絵コンテには、イメージとそれを撮る具体的な自然条件・カメラ設定・撮影条件すべてがワンセットです。
実際に撮影できる準備が出来た物だけが絵コンテです。
●夏、青いナガサキスズメダイの幼魚、白砂飛ばし、白とブルーでクールににシャープに、が絵コンテ。
SH平面の少し上から、斜め前45〜60度
右上または左上の3分割交点。顔は下向き対角線目線。広い白い空間に向けて進むイメージ。、
青い自然光の少ない時と場所、2点以下。F開放・SS同調速度・ISO100か減感。白砂との距離の差が使えればF5.6も可能。もっと距離の差が大きければF8で白砂飛ばしローキーも同時進行。完成後は、ライト使って新白砂飛ばしにチャレンジ。
●夏、ナガサキスズメダイの幼魚、イソバナの前で、DARK&MELLOW、ローキーで青と赤。妖しく、が絵コンテ。
SH平面より少し上、真横少し前〜斜め前45度、正面は避ける。胸鰭開いてる時。
青い自然光の少ない場所、2点以下。距離の差がよほど大きくないとF8は無理。開放からF5.6が現実的。ISO100(減感)・SS同調速度。
3分割交点、右下または左下。斜め上向き、対角線。ダークな赤の面積を大きく小さめに撮る。
●夏、ナガサキスズメダイの幼魚、白砂青被せ、ハイキーな青と青のグラデーション、が絵コンテ。
距離の差が小さいことが予想されるので、F開放、青い自然光量が5点以上。浅場を避けて青の質を上げる。SS同調速度、ISO感度運用。
SH平面少し上〜かなり上、斜め前45度で、3分割交点対角線。魚小さめ、青中心。
真っ正面、魚はシンメトリー。構図アシンメトリー。日の丸は避けて垂直3分割の右、顔だけだから大き目。
絵コンテは、撮影データ・自然条件すべてそろった設計図。
頭の中の引き出しに整理して何百枚・何千枚と、ためておくのです。青い自然光量・出会った被写体・場所・背景をロケハンで見て、絵コンテ倉庫から今、最適な絵コンテを引っ張りだしてくるのです。常に有利な戦いが出来る絵コンテで戦うのです。
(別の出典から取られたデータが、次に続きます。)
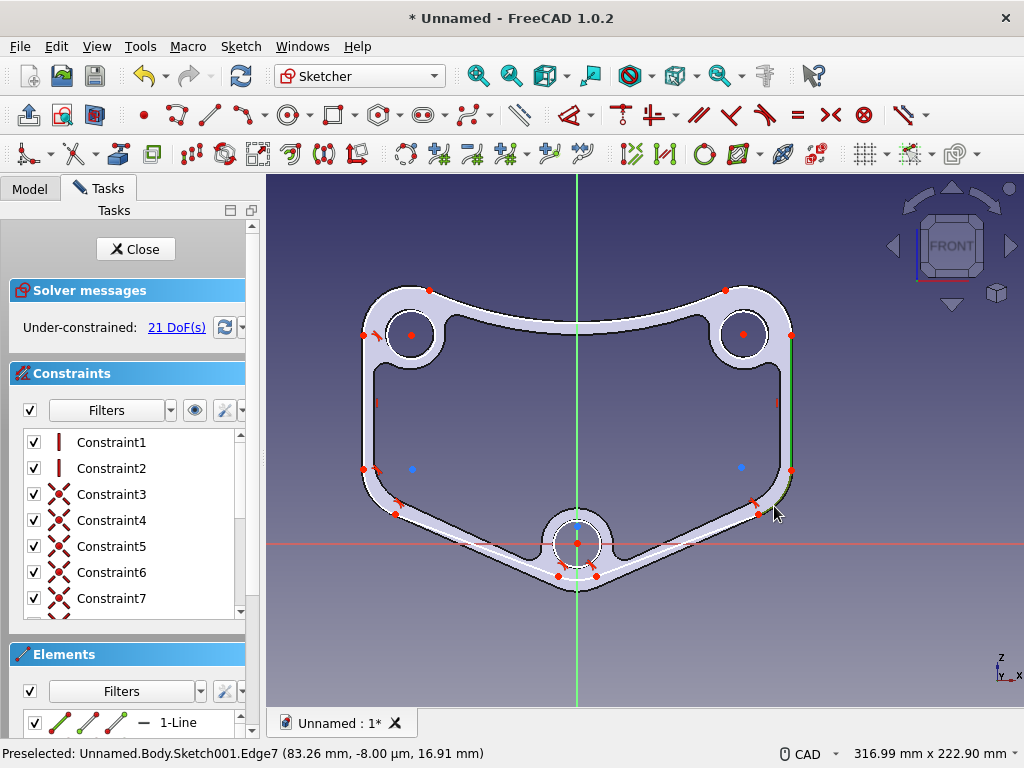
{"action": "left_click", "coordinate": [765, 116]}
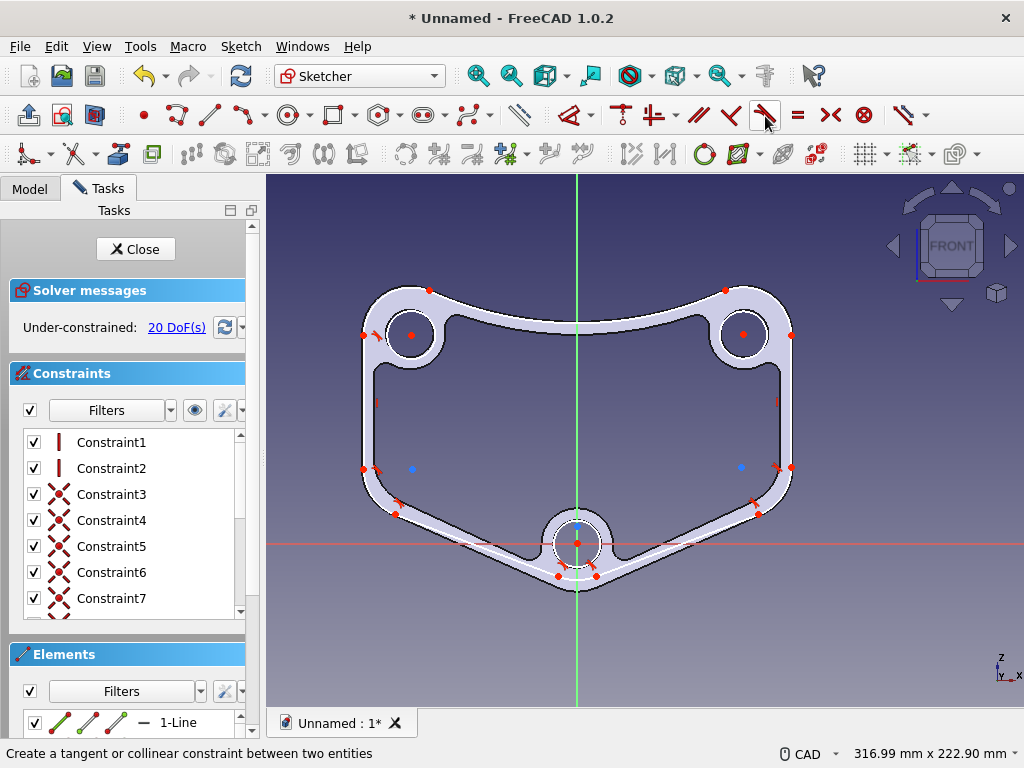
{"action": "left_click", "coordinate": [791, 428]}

習作でいっぱいになった絵コンテ倉庫からは、いずれ自分の絵コンテが生まれます。
それが自分の写真です。貴方の写真の個性です。
●私はそういうの好きじゃないので撮らないんです・・・
●それは僕の写真じゃないから撮らないんだ・・・
撮らないと撮れないは、「ら」と「れ」の違いです。間には「り」と「る」の2文字しかありません。しかしその間には、越えられない溝があります。
撮らない写真?撮れない写真じゃないですか?
撮らないと言えるのは撮れる人だけですよ。
撮れもしない写真を撮らないなどと言い訳しないで!!!
撮れない写真が多い事は、個性なんかじゃありません。自分の写真なんかじゃありません。
それしか撮れないだけです。
撮れる写真の中からしか、自分の写真は生まれません。個性も生まれません。
だから・・・
絵コンテ倉庫を作りましょう。
まずロケハンするのです。被写体を探すのです。被写体の居る場所を見るのです。
●より美人・より良い発色・より良い体形の子を探すのです。良い子を海でスカウトするんです。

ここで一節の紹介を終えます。